In this connection, I think that it is very interesting that modern scientific research into human physiology and psychology has reinforced the fact that humans need periods of rest. In fact, this research has underscored just how essential rest is to normal functioning (physical work, bodily functions, thinking, emotional coping).

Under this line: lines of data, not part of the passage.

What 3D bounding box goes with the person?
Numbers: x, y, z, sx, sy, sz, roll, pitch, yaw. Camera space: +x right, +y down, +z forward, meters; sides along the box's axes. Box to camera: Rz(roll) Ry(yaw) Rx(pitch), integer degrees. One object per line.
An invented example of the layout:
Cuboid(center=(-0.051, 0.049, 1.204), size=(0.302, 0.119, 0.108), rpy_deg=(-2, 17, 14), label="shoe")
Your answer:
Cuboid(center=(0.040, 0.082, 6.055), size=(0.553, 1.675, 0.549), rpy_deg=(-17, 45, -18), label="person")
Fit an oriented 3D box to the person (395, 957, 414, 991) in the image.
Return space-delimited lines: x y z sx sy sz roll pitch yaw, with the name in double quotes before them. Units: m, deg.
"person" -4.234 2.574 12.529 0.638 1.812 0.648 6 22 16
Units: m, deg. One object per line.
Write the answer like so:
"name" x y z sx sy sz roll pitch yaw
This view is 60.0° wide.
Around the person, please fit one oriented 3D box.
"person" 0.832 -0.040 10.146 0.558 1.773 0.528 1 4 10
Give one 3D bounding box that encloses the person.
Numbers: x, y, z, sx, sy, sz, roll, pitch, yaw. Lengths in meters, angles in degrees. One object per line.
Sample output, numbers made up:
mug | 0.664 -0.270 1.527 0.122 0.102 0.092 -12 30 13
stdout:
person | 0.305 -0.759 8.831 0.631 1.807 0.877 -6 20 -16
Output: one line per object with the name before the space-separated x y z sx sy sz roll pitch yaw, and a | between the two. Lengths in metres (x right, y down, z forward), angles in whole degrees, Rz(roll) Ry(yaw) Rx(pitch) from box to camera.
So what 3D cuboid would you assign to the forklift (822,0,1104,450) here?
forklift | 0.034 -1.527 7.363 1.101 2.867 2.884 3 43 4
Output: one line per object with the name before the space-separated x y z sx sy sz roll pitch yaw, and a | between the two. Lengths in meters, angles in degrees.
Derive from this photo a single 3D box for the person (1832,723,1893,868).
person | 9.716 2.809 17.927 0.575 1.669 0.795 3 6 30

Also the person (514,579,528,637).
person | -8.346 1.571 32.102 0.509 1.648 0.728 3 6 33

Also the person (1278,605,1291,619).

Finally, the author of the book of Hebrews has a great deal to say about the subject of rest and connects it to the original commandment to keep the Sabbath. In the third chapter of that book, God's rest is equated with the Israelites entrance into the Promised Land. In other words, the Promised Land was pictured as a type of Sabbath rest. Although history informs us that most Christians had ceased to observe the Sabbath day by the time the book of Hebrews was written, the author concludes his discussion of the subject with this interesting statement: "There remaineth therefore a rest to the people of God. For he that is entered into his rest, he also hath ceased from his own works, as God did from his. Let us labour therefore to enter into that rest, lest any man fall after the same example of unbelief." (Hebrews 4:9-11) This seems to echo Christ's words to his own disciples and the principles laid down so long ago in the Old Testament: We must stop doing our own work and occasionally withdraw from this world (place, routine and people) and seek to focus our minds/energy on the things of God - to find our rest in God.